> [Exercise requirements]: Only one span of the listing below should come back. It runs from the line with "Next, the pounding toy." through the line with "List them by", and each of its lines must be reproduced exactly.

> [Data provided]:

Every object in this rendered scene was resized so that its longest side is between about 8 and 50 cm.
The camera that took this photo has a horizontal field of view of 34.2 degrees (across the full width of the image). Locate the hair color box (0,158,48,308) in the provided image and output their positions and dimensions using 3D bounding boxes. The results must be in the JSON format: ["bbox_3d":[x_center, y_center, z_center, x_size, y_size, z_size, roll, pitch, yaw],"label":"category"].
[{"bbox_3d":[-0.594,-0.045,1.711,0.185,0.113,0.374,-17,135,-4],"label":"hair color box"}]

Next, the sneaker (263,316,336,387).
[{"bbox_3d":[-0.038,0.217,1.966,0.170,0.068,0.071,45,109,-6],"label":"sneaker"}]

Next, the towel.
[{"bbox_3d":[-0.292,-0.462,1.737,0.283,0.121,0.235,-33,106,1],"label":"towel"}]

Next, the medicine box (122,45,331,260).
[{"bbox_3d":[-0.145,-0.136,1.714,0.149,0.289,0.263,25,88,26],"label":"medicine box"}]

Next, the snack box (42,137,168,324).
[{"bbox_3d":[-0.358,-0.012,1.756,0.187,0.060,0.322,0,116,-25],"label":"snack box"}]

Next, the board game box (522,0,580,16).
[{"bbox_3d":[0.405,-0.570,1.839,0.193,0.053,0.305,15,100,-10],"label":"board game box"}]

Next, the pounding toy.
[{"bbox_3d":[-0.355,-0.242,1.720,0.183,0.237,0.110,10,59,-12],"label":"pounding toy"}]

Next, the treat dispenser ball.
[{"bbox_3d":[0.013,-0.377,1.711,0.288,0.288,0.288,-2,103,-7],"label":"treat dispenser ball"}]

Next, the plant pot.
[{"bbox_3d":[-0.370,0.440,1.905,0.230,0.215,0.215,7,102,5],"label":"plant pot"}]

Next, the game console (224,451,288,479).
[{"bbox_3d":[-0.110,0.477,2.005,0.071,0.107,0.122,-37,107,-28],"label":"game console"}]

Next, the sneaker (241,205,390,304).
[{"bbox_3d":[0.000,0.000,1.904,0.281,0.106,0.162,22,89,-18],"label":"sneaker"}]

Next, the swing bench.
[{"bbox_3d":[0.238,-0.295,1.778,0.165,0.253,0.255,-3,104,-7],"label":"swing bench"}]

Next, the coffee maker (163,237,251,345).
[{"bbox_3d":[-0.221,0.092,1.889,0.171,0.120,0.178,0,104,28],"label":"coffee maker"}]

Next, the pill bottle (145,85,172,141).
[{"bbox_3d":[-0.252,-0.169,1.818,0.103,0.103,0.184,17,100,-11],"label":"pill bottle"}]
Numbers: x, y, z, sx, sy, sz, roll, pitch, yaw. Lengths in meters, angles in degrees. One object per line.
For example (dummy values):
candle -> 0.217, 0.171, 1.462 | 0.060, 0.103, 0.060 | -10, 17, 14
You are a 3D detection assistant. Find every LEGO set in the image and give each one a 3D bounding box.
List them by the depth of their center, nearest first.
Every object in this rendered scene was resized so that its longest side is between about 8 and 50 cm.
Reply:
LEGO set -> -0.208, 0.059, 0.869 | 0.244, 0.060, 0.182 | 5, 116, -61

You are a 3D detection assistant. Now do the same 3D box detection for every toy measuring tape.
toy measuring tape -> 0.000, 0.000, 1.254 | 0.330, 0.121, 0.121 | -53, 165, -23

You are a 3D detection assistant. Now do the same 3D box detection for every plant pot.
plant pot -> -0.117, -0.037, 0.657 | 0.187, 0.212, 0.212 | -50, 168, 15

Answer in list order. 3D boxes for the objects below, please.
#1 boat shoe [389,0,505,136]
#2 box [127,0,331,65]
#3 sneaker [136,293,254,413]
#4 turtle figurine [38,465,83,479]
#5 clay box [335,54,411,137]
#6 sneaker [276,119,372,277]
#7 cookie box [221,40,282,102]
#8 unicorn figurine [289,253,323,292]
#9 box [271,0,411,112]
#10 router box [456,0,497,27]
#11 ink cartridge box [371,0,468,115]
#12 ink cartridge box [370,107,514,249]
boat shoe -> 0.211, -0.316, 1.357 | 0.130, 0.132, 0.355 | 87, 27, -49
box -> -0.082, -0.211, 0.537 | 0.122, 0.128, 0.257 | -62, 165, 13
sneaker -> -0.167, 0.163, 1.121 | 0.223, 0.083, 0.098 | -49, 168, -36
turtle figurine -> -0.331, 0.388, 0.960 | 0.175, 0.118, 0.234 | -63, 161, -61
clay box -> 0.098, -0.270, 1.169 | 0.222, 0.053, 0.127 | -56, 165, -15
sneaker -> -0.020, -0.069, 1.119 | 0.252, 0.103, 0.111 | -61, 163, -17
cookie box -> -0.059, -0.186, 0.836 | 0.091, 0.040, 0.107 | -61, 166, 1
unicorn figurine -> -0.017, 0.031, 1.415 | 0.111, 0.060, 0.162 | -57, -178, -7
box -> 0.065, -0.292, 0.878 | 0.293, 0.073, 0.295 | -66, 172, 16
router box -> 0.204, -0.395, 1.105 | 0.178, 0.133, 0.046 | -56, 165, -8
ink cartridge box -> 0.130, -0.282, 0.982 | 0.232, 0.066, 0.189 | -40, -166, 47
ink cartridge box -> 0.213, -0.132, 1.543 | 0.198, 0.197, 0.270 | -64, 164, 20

> [Solution to this exercise]:
Next, the pounding toy.
[{"bbox_3d":[-0.355,-0.242,1.720,0.183,0.237,0.110,10,59,-12],"label":"pounding toy"}]

Next, the treat dispenser ball.
[{"bbox_3d":[0.013,-0.377,1.711,0.288,0.288,0.288,-2,103,-7],"label":"treat dispenser ball"}]

Next, the plant pot.
[{"bbox_3d":[-0.370,0.440,1.905,0.230,0.215,0.215,7,102,5],"label":"plant pot"}]

Next, the game console (224,451,288,479).
[{"bbox_3d":[-0.110,0.477,2.005,0.071,0.107,0.122,-37,107,-28],"label":"game console"}]

Next, the sneaker (241,205,390,304).
[{"bbox_3d":[0.000,0.000,1.904,0.281,0.106,0.162,22,89,-18],"label":"sneaker"}]

Next, the swing bench.
[{"bbox_3d":[0.238,-0.295,1.778,0.165,0.253,0.255,-3,104,-7],"label":"swing bench"}]

Next, the coffee maker (163,237,251,345).
[{"bbox_3d":[-0.221,0.092,1.889,0.171,0.120,0.178,0,104,28],"label":"coffee maker"}]

Next, the pill bottle (145,85,172,141).
[{"bbox_3d":[-0.252,-0.169,1.818,0.103,0.103,0.184,17,100,-11],"label":"pill bottle"}]
Numbers: x, y, z, sx, sy, sz, roll, pitch, yaw. Lengths in meters, angles in degrees. One object per line.
For example (dummy values):
candle -> 0.217, 0.171, 1.462 | 0.060, 0.103, 0.060 | -10, 17, 14
You are a 3D detection assistant. Find every LEGO set in the image and give each one a 3D bounding box.
List them by the depth of their center, nearest first.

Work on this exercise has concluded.